Data extract Block Start

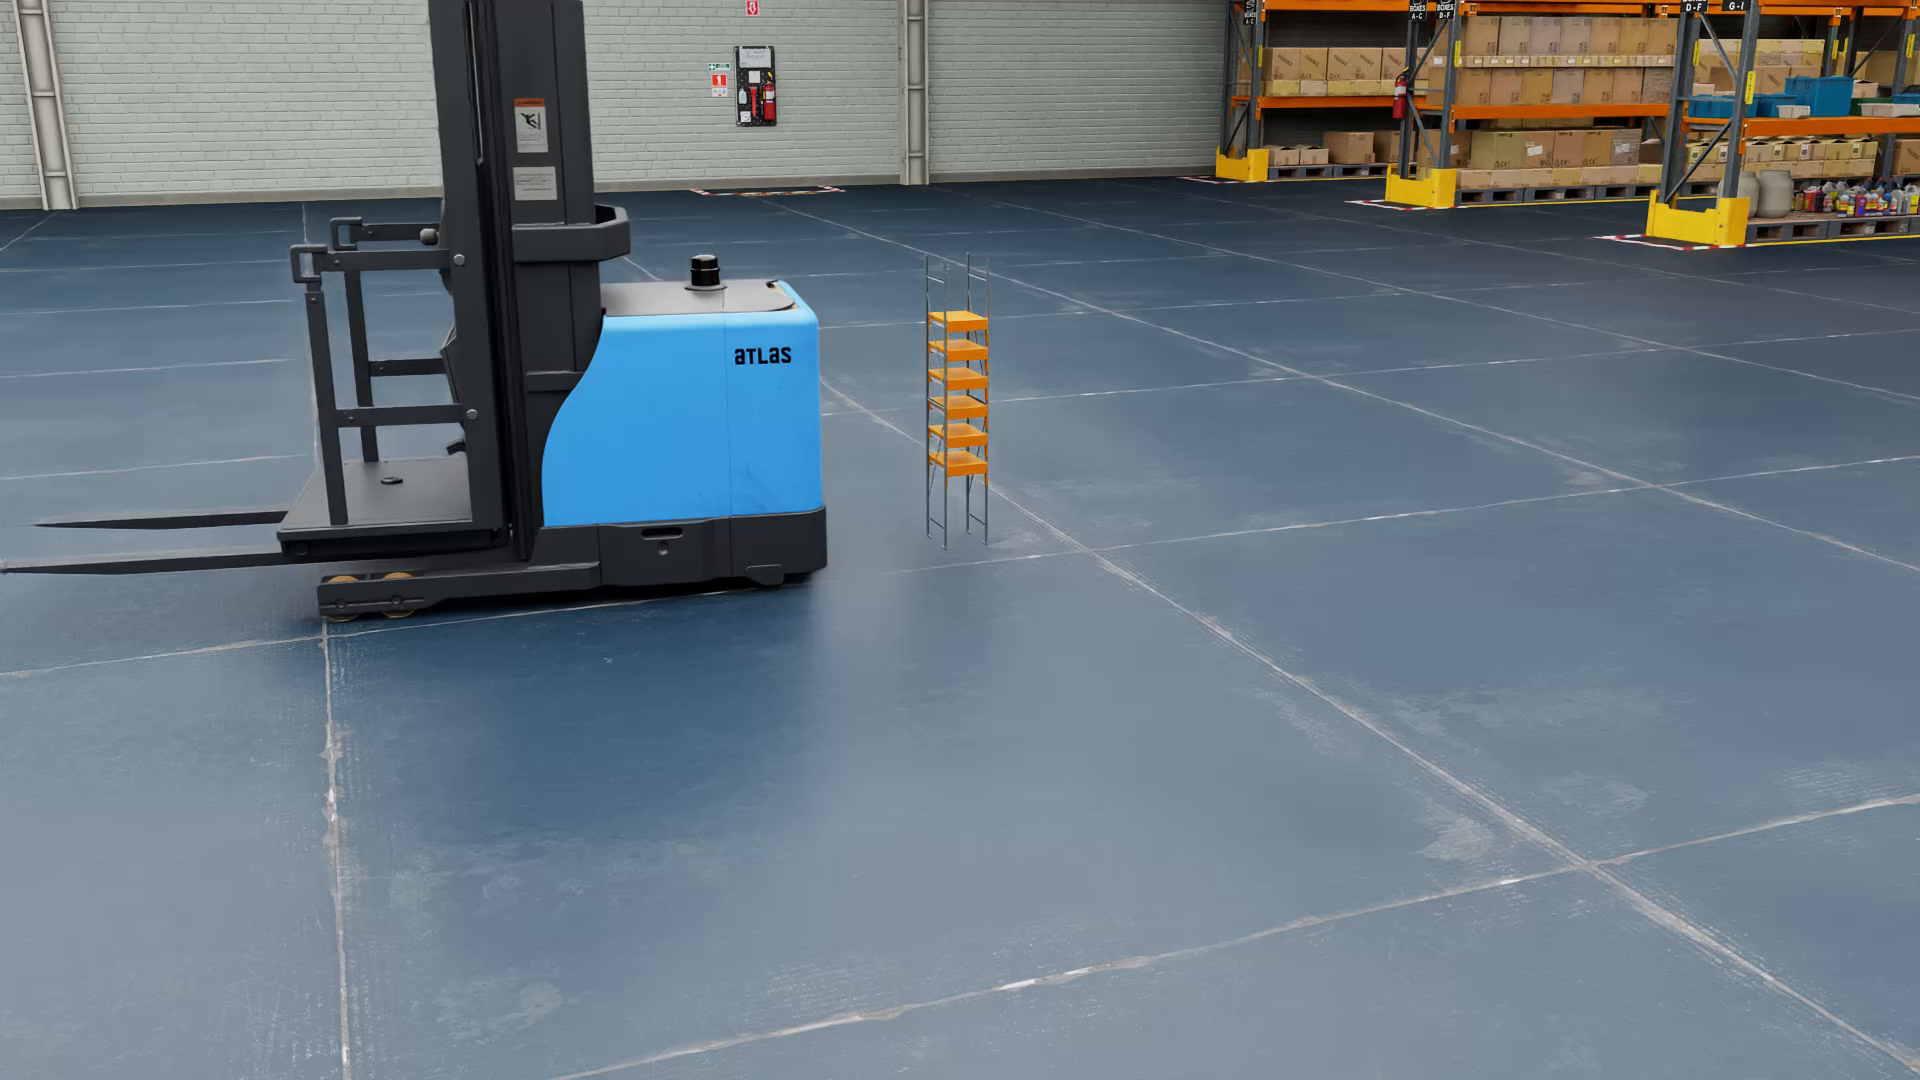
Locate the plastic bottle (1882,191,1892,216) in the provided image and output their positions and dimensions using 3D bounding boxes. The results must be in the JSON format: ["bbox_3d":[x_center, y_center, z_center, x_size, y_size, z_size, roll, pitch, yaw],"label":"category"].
[{"bbox_3d":[10.489,-3.817,18.833,0.097,0.271,0.097,0,16,0],"label":"plastic bottle"}]

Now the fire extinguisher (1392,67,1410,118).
[{"bbox_3d":[6.036,-6.126,22.772,0.183,0.674,0.296,-6,17,-20],"label":"fire extinguisher"}]

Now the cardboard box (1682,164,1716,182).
[{"bbox_3d":[10.513,-5.313,24.003,0.500,0.250,0.500,-7,18,-21],"label":"cardboard box"}]

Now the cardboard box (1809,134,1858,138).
[{"bbox_3d":[16.477,-7.616,31.400,0.500,0.500,0.700,-6,17,-19],"label":"cardboard box"}]

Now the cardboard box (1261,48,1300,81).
[{"bbox_3d":[5.090,-7.622,26.630,0.500,0.500,0.500,-6,17,-20],"label":"cardboard box"}]

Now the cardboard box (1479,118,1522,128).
[{"bbox_3d":[9.363,-7.254,28.802,0.500,0.250,0.500,-7,18,-21],"label":"cardboard box"}]

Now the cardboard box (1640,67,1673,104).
[{"bbox_3d":[9.636,-6.457,23.586,0.500,0.500,0.700,-7,18,-22],"label":"cardboard box"}]

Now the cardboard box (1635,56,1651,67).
[{"bbox_3d":[9.396,-6.680,23.192,0.250,0.149,0.380,-7,18,-22],"label":"cardboard box"}]

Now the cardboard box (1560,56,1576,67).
[{"bbox_3d":[8.192,-6.549,22.749,0.250,0.149,0.380,-6,17,-20],"label":"cardboard box"}]

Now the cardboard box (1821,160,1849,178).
[{"bbox_3d":[12.899,-5.571,24.881,0.500,0.250,0.500,-6,18,-21],"label":"cardboard box"}]

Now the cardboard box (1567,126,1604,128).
[{"bbox_3d":[9.039,-5.681,23.924,0.500,0.500,0.500,-6,17,-20],"label":"cardboard box"}]

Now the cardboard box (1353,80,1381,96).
[{"bbox_3d":[6.537,-7.415,27.256,0.500,0.250,0.500,-6,17,-20],"label":"cardboard box"}]

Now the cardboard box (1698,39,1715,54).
[{"bbox_3d":[13.025,-8.754,29.514,0.500,0.250,0.500,-6,18,-21],"label":"cardboard box"}]

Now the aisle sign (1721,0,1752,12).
[{"bbox_3d":[8.120,-5.912,17.293,0.004,0.787,0.394,-6,17,-20],"label":"aisle sign"}]

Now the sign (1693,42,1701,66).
[{"bbox_3d":[10.248,-6.763,23.129,0.005,0.325,0.100,-6,17,-20],"label":"sign"}]

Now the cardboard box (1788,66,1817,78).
[{"bbox_3d":[12.222,-6.734,24.527,0.500,0.500,0.500,-7,18,-23],"label":"cardboard box"}]

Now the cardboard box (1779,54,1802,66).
[{"bbox_3d":[14.929,-8.599,30.315,0.500,0.500,0.500,-6,17,-20],"label":"cardboard box"}]

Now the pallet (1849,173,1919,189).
[{"bbox_3d":[14.494,-5.586,25.747,1.213,0.211,1.003,-6,17,-20],"label":"pallet"}]

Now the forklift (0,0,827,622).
[{"bbox_3d":[-2.092,-1.270,6.220,3.031,2.935,1.130,-4,17,-12],"label":"forklift"}]

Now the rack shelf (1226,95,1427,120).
[{"bbox_3d":[6.405,-7.212,27.610,4.000,0.370,1.077,-6,17,-20],"label":"rack shelf"}]

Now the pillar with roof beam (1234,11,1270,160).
[{"bbox_3d":[6.422,-9.399,23.135,0.400,9.000,9.100,-6,17,-20],"label":"pillar with roof beam"}]

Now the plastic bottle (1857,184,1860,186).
[{"bbox_3d":[10.570,-4.063,19.651,0.133,0.283,0.061,-5,17,-18],"label":"plastic bottle"}]

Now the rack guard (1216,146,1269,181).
[{"bbox_3d":[4.608,-6.164,27.201,0.348,0.500,1.175,-6,17,-20],"label":"rack guard"}]

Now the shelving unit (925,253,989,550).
[{"bbox_3d":[-0.014,-0.574,6.924,0.189,1.200,0.258,-6,17,-20],"label":"shelving unit"}]

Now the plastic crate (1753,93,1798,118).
[{"bbox_3d":[9.051,-4.871,18.625,0.408,0.251,0.499,-6,17,-20],"label":"plastic crate"}]

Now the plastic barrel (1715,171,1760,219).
[{"bbox_3d":[8.669,-3.843,18.532,0.421,0.512,0.421,0,16,0],"label":"plastic barrel"}]

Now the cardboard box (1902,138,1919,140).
[{"bbox_3d":[14.797,-5.896,25.507,0.500,0.500,0.500,-7,18,-22],"label":"cardboard box"}]

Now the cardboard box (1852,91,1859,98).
[{"bbox_3d":[13.042,-6.575,24.611,0.250,0.149,0.380,-6,17,-20],"label":"cardboard box"}]

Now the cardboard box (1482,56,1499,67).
[{"bbox_3d":[7.002,-6.422,22.315,0.250,0.149,0.380,-7,18,-22],"label":"cardboard box"}]

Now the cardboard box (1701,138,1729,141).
[{"bbox_3d":[11.274,-5.827,24.757,0.500,0.311,0.500,-6,17,-20],"label":"cardboard box"}]

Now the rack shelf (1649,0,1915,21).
[{"bbox_3d":[11.916,-7.751,24.124,4.000,0.370,1.077,-6,17,-20],"label":"rack shelf"}]

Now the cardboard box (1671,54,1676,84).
[{"bbox_3d":[12.552,-8.344,29.448,0.500,0.500,0.500,-6,17,-18],"label":"cardboard box"}]

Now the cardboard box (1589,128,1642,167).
[{"bbox_3d":[9.222,-5.546,23.465,0.500,0.500,0.500,-6,17,-20],"label":"cardboard box"}]

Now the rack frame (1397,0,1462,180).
[{"bbox_3d":[6.313,-6.052,22.385,0.127,3.000,1.000,-6,17,-20],"label":"rack frame"}]

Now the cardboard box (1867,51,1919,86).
[{"bbox_3d":[14.331,-7.202,25.376,0.500,0.500,0.700,-13,21,-38],"label":"cardboard box"}]

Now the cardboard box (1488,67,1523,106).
[{"bbox_3d":[7.242,-6.198,22.705,0.500,0.500,0.700,-6,17,-19],"label":"cardboard box"}]

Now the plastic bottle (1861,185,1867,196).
[{"bbox_3d":[10.615,-4.038,19.588,0.097,0.271,0.097,0,16,0],"label":"plastic bottle"}]

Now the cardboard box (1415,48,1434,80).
[{"bbox_3d":[7.477,-7.875,27.492,0.500,0.500,0.500,-6,17,-20],"label":"cardboard box"}]

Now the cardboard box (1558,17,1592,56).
[{"bbox_3d":[8.230,-6.928,22.887,0.500,0.500,0.700,-6,17,-20],"label":"cardboard box"}]

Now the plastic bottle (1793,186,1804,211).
[{"bbox_3d":[9.743,-3.974,19.346,0.133,0.283,0.061,-6,17,-19],"label":"plastic bottle"}]

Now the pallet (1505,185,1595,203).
[{"bbox_3d":[8.150,-4.925,23.493,1.213,0.211,1.003,-6,17,-20],"label":"pallet"}]

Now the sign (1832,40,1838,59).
[{"bbox_3d":[15.946,-8.941,30.307,0.005,0.325,0.100,-6,17,-20],"label":"sign"}]

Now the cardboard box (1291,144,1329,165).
[{"bbox_3d":[5.748,-6.380,27.492,0.500,0.311,0.500,-5,17,-15],"label":"cardboard box"}]

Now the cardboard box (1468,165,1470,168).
[{"bbox_3d":[7.171,-5.120,23.345,0.500,0.250,0.500,-6,17,-20],"label":"cardboard box"}]

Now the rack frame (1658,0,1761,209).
[{"bbox_3d":[8.082,-4.749,17.946,0.127,3.000,1.000,-6,17,-20],"label":"rack frame"}]

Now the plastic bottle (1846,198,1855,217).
[{"bbox_3d":[9.983,-3.729,18.657,0.097,0.201,0.097,0,16,0],"label":"plastic bottle"}]

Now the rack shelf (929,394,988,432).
[{"bbox_3d":[-0.014,-0.532,6.937,0.180,0.103,0.258,-6,17,-20],"label":"rack shelf"}]

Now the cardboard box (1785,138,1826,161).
[{"bbox_3d":[12.427,-5.788,24.626,0.500,0.311,0.500,-6,17,-20],"label":"cardboard box"}]

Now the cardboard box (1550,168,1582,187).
[{"bbox_3d":[8.295,-5.081,23.212,0.500,0.250,0.500,-6,17,-20],"label":"cardboard box"}]

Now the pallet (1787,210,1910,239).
[{"bbox_3d":[10.034,-3.633,19.096,1.213,0.211,1.003,-6,17,-20],"label":"pallet"}]

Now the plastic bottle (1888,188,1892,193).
[{"bbox_3d":[10.646,-3.880,19.027,0.133,0.283,0.061,-6,17,-20],"label":"plastic bottle"}]

Data extract Block End

What to do: The requested lines run from the one with "Now the rack shelf (929,394,988,432)." through the last line of the records. Return them exactly.

Solved problem:
Now the rack shelf (929,394,988,432).
[{"bbox_3d":[-0.014,-0.532,6.937,0.180,0.103,0.258,-6,17,-20],"label":"rack shelf"}]

Now the cardboard box (1785,138,1826,161).
[{"bbox_3d":[12.427,-5.788,24.626,0.500,0.311,0.500,-6,17,-20],"label":"cardboard box"}]

Now the cardboard box (1550,168,1582,187).
[{"bbox_3d":[8.295,-5.081,23.212,0.500,0.250,0.500,-6,17,-20],"label":"cardboard box"}]

Now the pallet (1787,210,1910,239).
[{"bbox_3d":[10.034,-3.633,19.096,1.213,0.211,1.003,-6,17,-20],"label":"pallet"}]

Now the plastic bottle (1888,188,1892,193).
[{"bbox_3d":[10.646,-3.880,19.027,0.133,0.283,0.061,-6,17,-20],"label":"plastic bottle"}]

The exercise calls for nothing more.